Короче говоря, мы полезли на антресоли. Понятно, что никакого золота мы не нашли, зато откопали этюдник моего отца, умершего еще в 47-м, с прекрасными, еще дореволюционными французскими масляными красками. Володя был в полнейшем восторге. Я тогда, работая на заводе, занимался в самодеятельной изостудии при ЦДКЖ, хотел стать профессиональным художником. Только масляных красок у меня не было. А о таких я и не мечтал. Вот тебе — и «золото»!

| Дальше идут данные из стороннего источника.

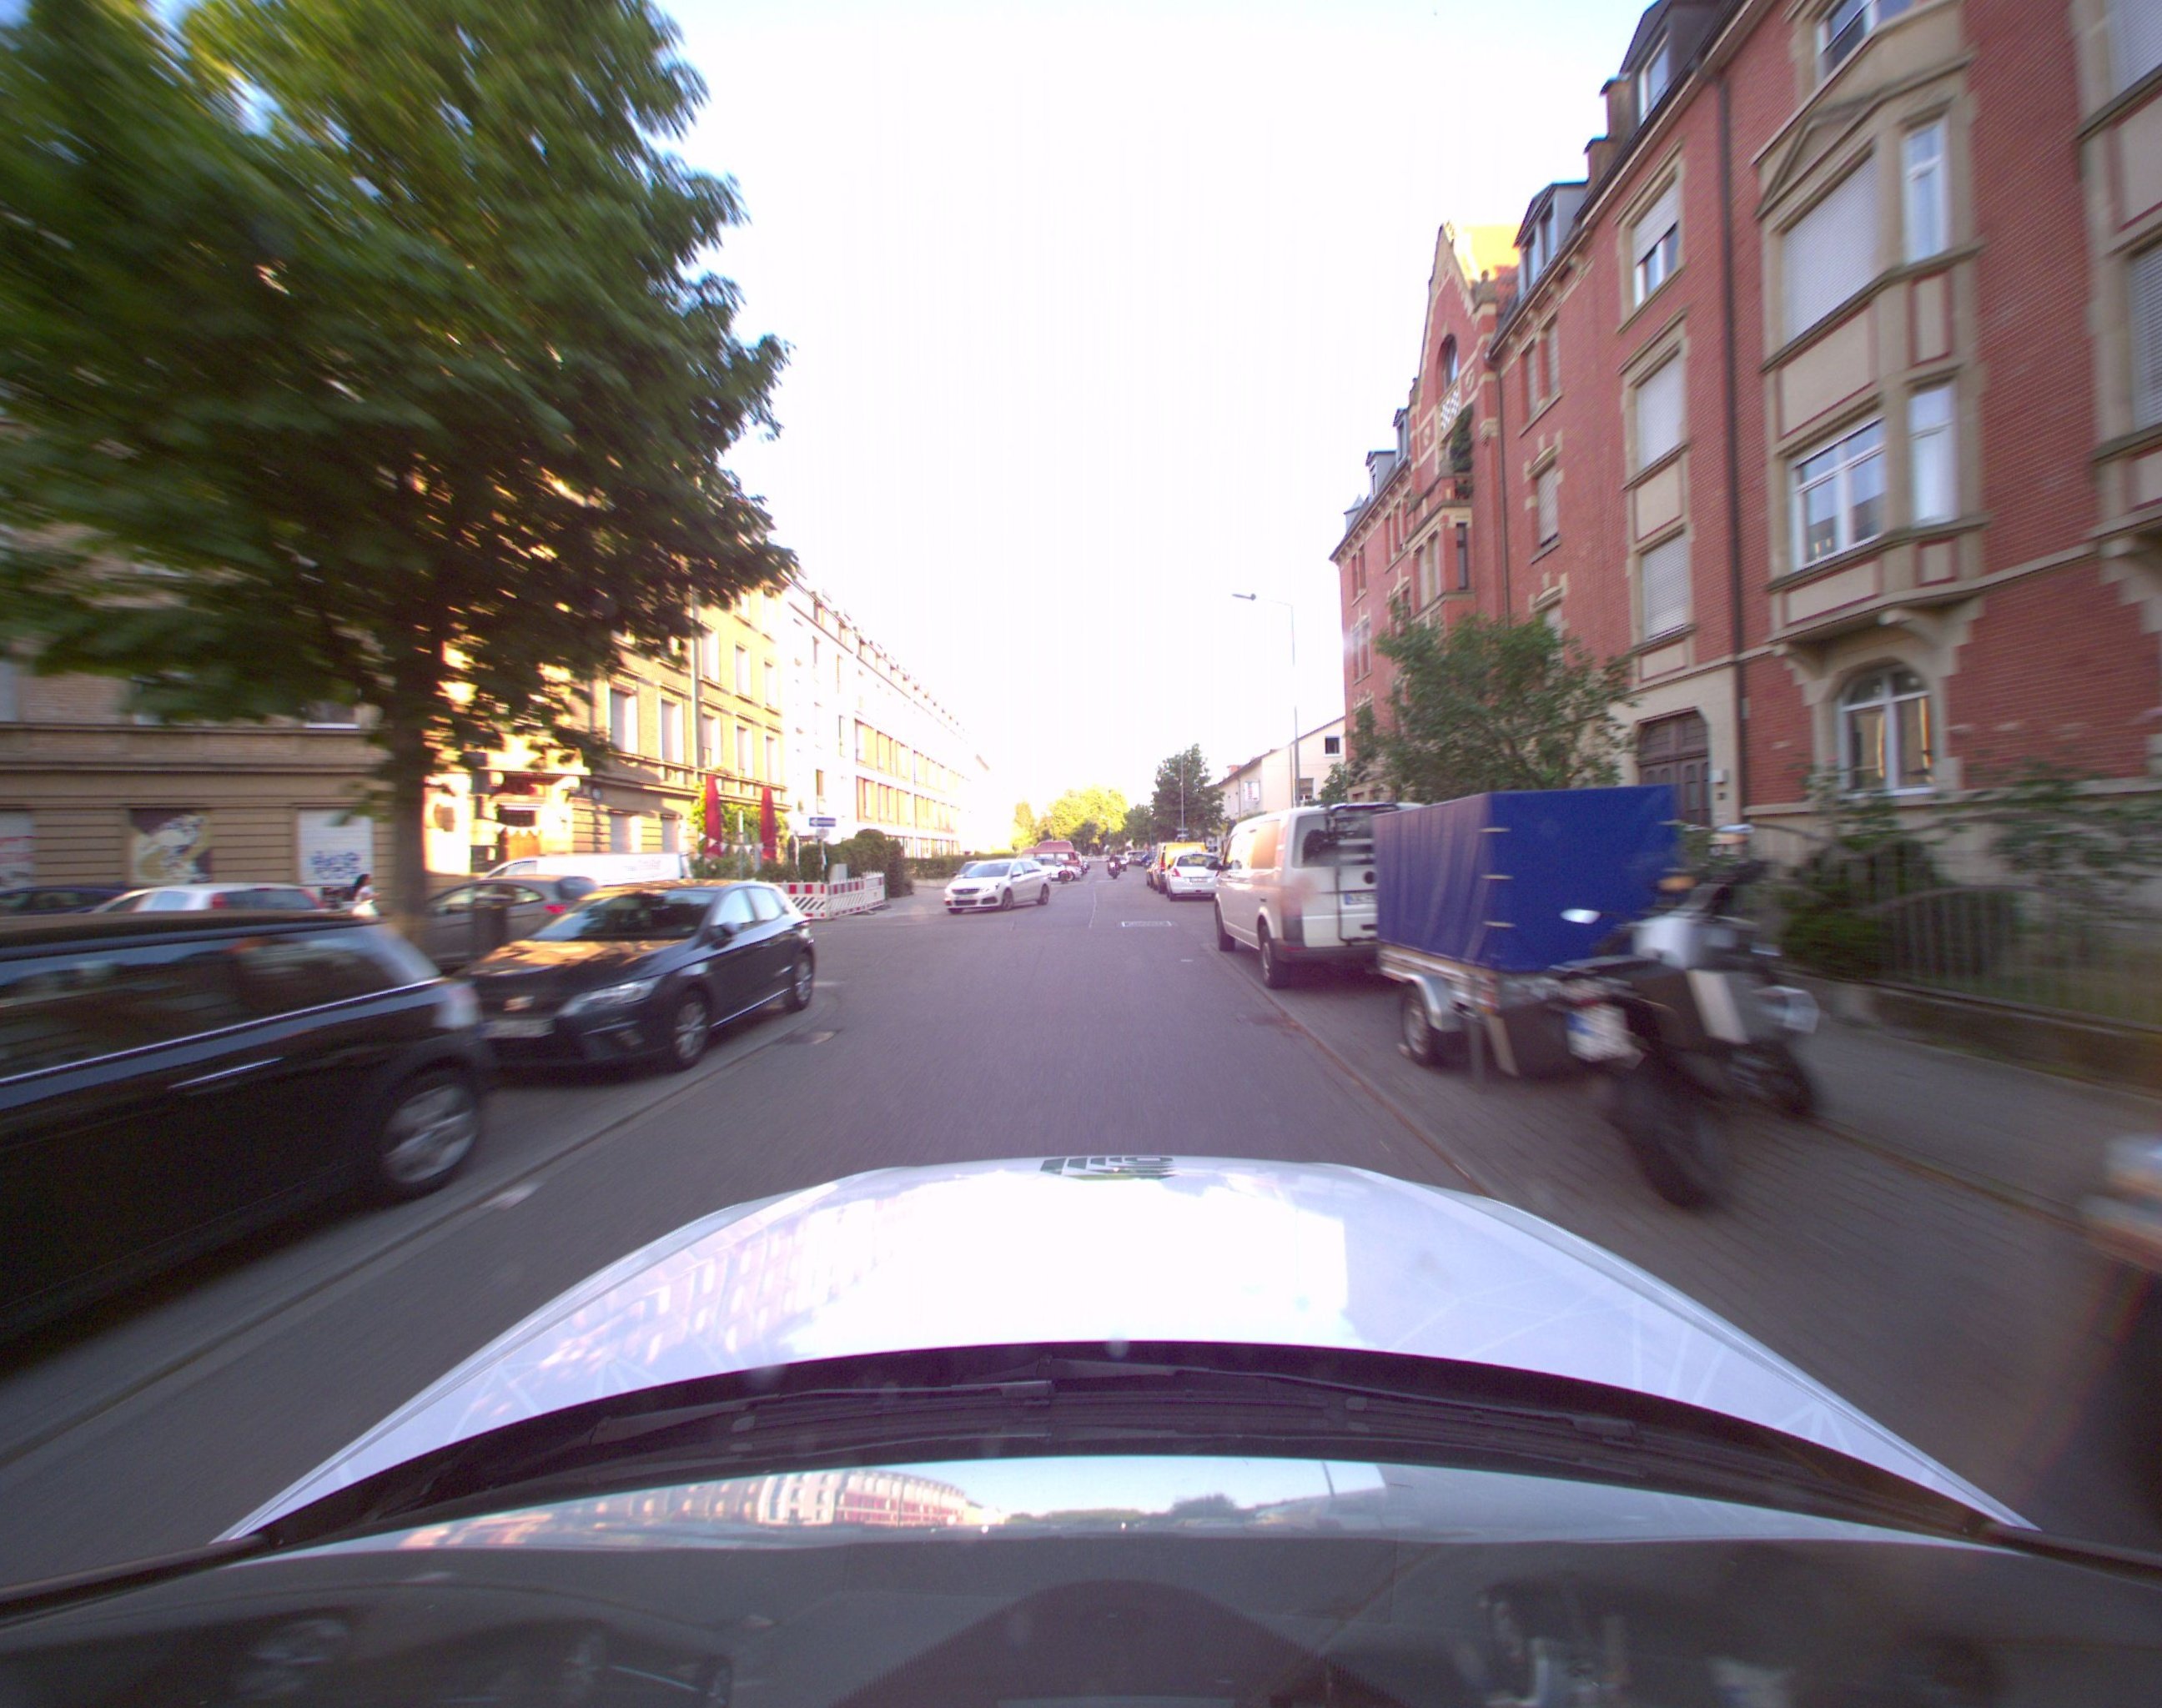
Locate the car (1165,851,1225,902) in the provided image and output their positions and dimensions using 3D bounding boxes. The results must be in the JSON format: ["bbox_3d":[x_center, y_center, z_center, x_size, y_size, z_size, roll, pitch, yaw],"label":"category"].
[{"bbox_3d":[3.577,0.671,26.141,1.667,1.477,3.866,-1,0,4],"label":"car"}]

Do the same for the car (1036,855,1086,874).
[{"bbox_3d":[-1.747,0.886,71.049,4.240,1.660,2.001,0,0,2],"label":"car"}]

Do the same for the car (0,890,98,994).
[{"bbox_3d":[-17.818,1.376,11.810,4.073,1.439,1.988,-2,0,-15],"label":"car"}]

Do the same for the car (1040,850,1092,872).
[{"bbox_3d":[-1.389,0.653,77.958,4.832,2.021,1.907,0,0,2],"label":"car"}]

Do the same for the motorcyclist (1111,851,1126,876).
[{"bbox_3d":[2.382,0.624,52.165,0.782,1.540,0.547,-4,-1,11],"label":"motorcyclist"}]

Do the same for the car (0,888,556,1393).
[{"bbox_3d":[-4.095,0.919,2.740,1.734,1.420,4.147,-1,0,4],"label":"car"}]

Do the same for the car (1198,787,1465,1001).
[{"bbox_3d":[2.919,0.408,10.961,1.855,2.039,5.545,-3,0,1],"label":"car"}]

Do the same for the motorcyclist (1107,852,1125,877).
[{"bbox_3d":[2.194,0.666,51.411,0.883,1.505,0.972,-4,-1,11],"label":"motorcyclist"}]

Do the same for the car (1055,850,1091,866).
[{"bbox_3d":[-1.014,0.516,106.479,4.516,2.134,2.001,0,0,2],"label":"car"}]

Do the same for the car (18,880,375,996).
[{"bbox_3d":[-13.456,1.186,12.492,4.030,1.508,1.981,0,0,14],"label":"car"}]

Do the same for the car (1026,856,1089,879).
[{"bbox_3d":[-1.548,0.911,55.528,4.195,1.538,1.791,0,0,0],"label":"car"}]

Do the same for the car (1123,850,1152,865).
[{"bbox_3d":[8.259,0.488,119.476,3.959,1.911,2.047,-4,0,-3],"label":"car"}]

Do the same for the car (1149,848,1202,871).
[{"bbox_3d":[9.413,0.575,81.371,4.928,1.958,2.049,-4,0,0],"label":"car"}]

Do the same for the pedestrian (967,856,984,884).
[{"bbox_3d":[-5.820,0.879,45.025,0.829,1.501,0.798,0,0,2],"label":"pedestrian"}]

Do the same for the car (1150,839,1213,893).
[{"bbox_3d":[3.785,0.442,31.474,1.886,1.884,5.084,-1,0,2],"label":"car"}]

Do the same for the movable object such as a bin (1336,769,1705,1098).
[{"bbox_3d":[2.978,0.477,6.013,1.407,1.878,2.325,-3,0,1],"label":"movable object such as a bin"}]

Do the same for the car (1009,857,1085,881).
[{"bbox_3d":[-2.072,0.907,50.316,4.603,1.460,1.880,0,0,-2],"label":"car"}]

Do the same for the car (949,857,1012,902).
[{"bbox_3d":[-3.685,0.916,30.432,1.697,1.534,3.846,-1,0,2],"label":"car"}]

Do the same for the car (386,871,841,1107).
[{"bbox_3d":[-3.776,0.940,7.660,1.669,1.461,4.463,-1,0,0],"label":"car"}]

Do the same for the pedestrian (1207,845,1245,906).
[{"bbox_3d":[4.199,0.597,23.607,0.880,1.722,0.964,0,0,23],"label":"pedestrian"}]

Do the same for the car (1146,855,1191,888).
[{"bbox_3d":[3.917,0.755,37.121,1.715,1.424,4.255,0,0,2],"label":"car"}]

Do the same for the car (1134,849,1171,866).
[{"bbox_3d":[9.111,0.480,103.825,4.469,1.911,1.686,-4,0,-3],"label":"car"}]

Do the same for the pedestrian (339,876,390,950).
[{"bbox_3d":[-16.363,1.324,18.618,0.790,1.618,0.704,0,0,-34],"label":"pedestrian"}]

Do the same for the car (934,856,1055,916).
[{"bbox_3d":[-2.425,0.887,24.206,1.800,1.523,4.620,-3,0,18],"label":"car"}]

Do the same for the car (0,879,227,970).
[{"bbox_3d":[-20.772,1.423,16.722,3.923,1.571,2.008,-2,0,-23],"label":"car"}]

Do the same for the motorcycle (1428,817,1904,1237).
[{"bbox_3d":[2.903,0.625,4.011,2.102,1.482,1.122,-3,-1,-32],"label":"motorcycle"}]

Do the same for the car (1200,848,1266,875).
[{"bbox_3d":[10.050,0.479,54.020,4.034,1.514,1.758,-3,1,2],"label":"car"}]

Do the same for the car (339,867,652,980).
[{"bbox_3d":[-8.954,1.016,12.702,3.494,1.507,1.845,-1,1,1],"label":"car"}]

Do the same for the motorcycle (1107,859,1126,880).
[{"bbox_3d":[2.266,0.984,51.704,0.841,1.209,2.081,-4,-1,12],"label":"motorcycle"}]

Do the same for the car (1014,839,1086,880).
[{"bbox_3d":[-1.956,0.349,52.973,4.492,2.584,2.002,0,0,3],"label":"car"}]

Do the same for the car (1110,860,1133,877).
[{"bbox_3d":[3.904,1.359,78.367,1.770,1.517,4.008,-3,0,7],"label":"car"}]

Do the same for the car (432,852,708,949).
[{"bbox_3d":[-12.076,1.018,19.786,5.298,1.975,2.193,-2,0,-22],"label":"car"}]

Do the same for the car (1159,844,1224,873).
[{"bbox_3d":[8.942,0.390,66.208,4.970,1.983,2.221,-4,0,2],"label":"car"}]

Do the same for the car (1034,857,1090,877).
[{"bbox_3d":[-1.442,0.990,63.140,4.192,1.490,1.851,0,0,2],"label":"car"}]

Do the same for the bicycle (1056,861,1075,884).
[{"bbox_3d":[-0.826,1.008,45.053,0.804,1.221,2.868,0,0,4],"label":"bicycle"}]
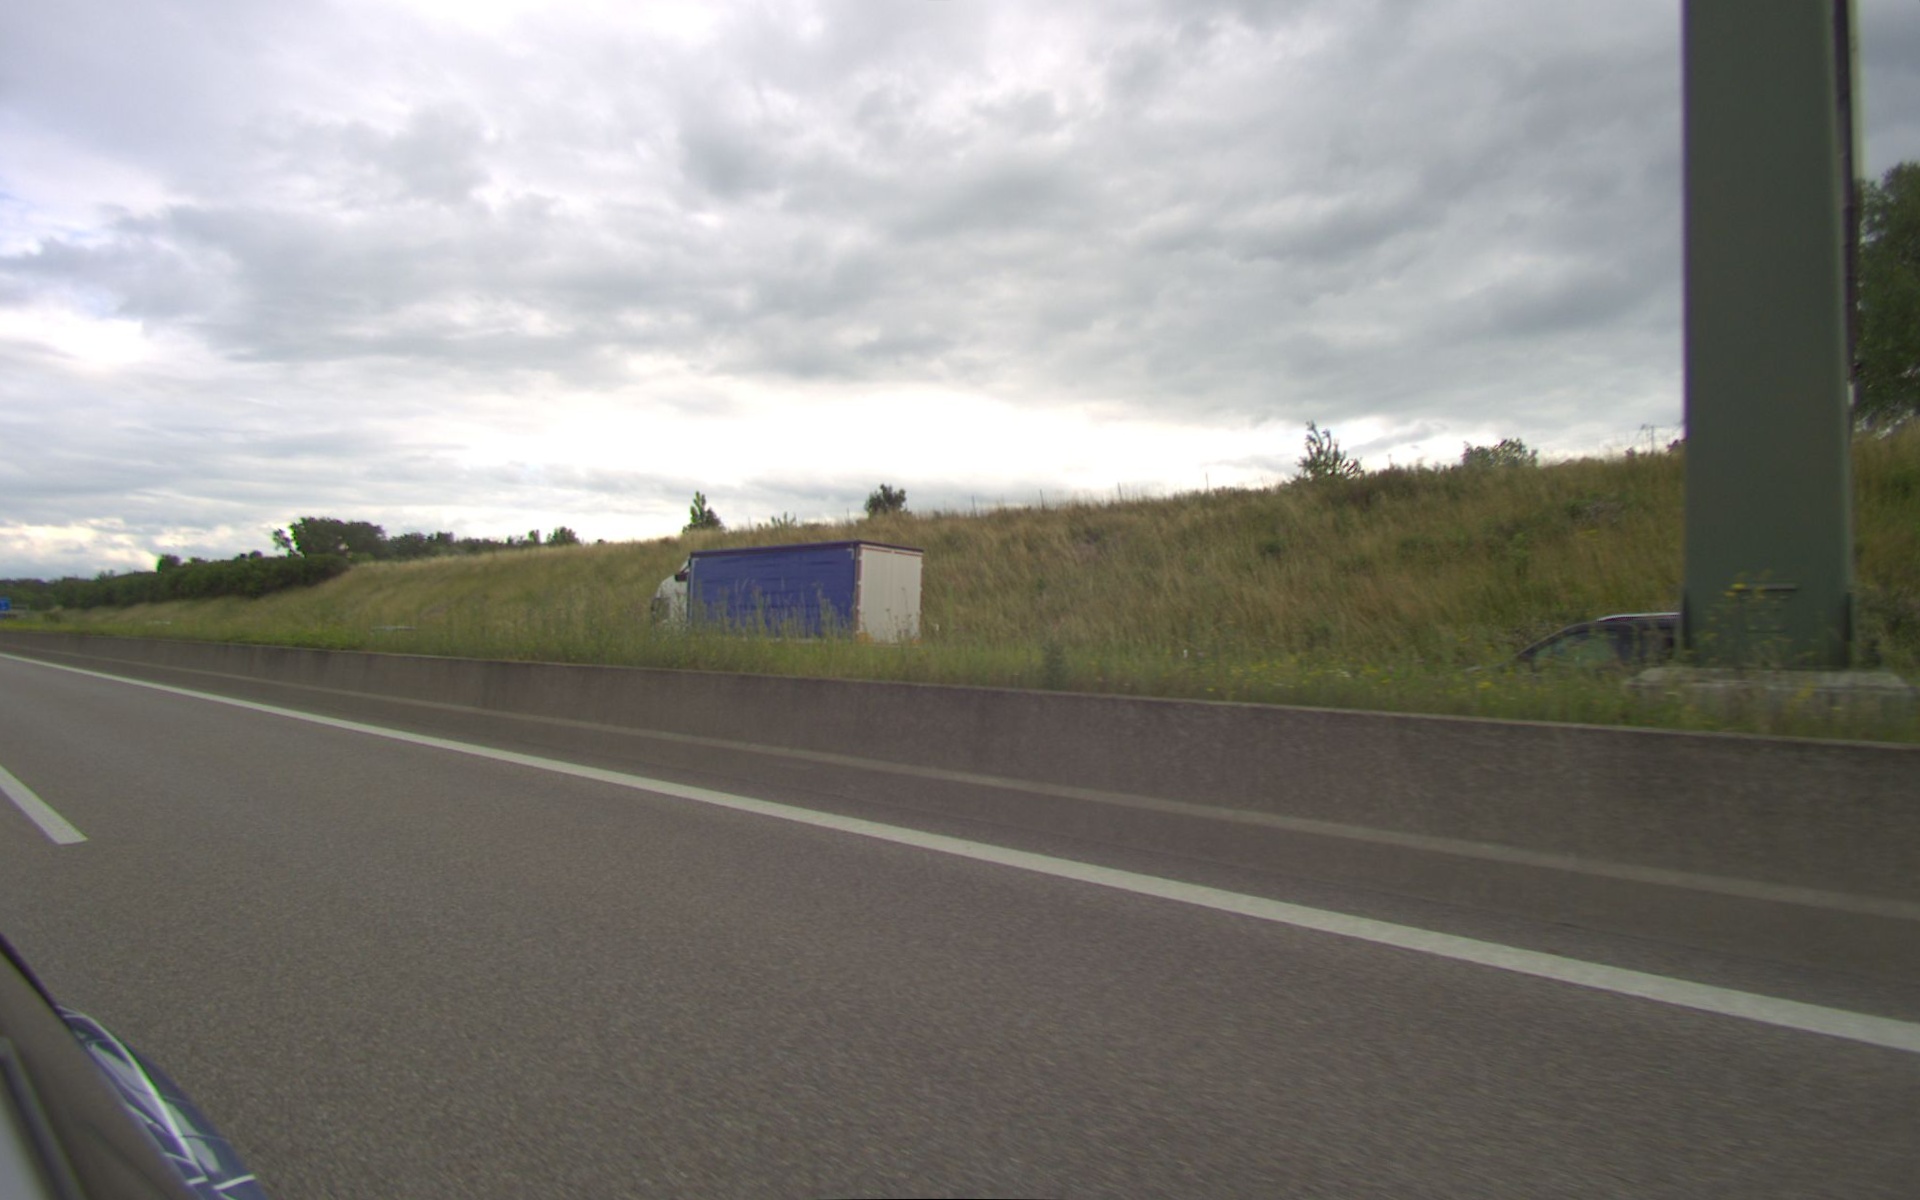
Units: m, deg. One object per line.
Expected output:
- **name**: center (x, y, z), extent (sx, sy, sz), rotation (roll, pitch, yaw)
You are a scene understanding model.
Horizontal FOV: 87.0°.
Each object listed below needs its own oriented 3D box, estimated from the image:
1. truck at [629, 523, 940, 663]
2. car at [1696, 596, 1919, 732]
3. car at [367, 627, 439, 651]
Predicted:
- **truck**: center (-5.735, -0.085, 30.956), extent (10.929, 3.630, 3.225), rotation (-1, -2, 41)
- **car**: center (10.677, 0.691, 11.715), extent (3.363, 1.459, 1.554), rotation (-1, 0, 41)
- **car**: center (-22.520, 1.561, 40.882), extent (3.345, 0.868, 1.509), rotation (-1, 0, 41)

У Володи бывали подобные странные озарения, словно он притягивал некую сущность через время и пространство. Подсознанием ли, воображением или интуицией — не знаю, не специалист. Казалось бы, ничего не значащая смешная фраза в смешной песенке: «Теперь я буду, как Марина Влади…» И вот, пожалуйста, результат: Марина оказывается в Союзе на съемках, слышит эту песенку, потом слушает все тогдашние Володины песни, ее заинтересовывает автор. Встретились… Случайность, как известно, — скрытая закономерность.
Однако вернемся к тому, едва не ставшему для нас последним, воскресенью.
На Савеловском вокзале мы очень расстроились — пока покупали мороженое, электричка ушла, до следующей часа два-три. Попали в перерыв. Дождались. Поехали…
На проселке, совсем рядом от того места, где были в прошлый раз, мы были остановлены и прогнаны буквально взашей воинским патрулем. Сквозь густую солдатскую матерщину мы усекли, что час назад здесь на мине подорвалось насмерть четверо пацанов.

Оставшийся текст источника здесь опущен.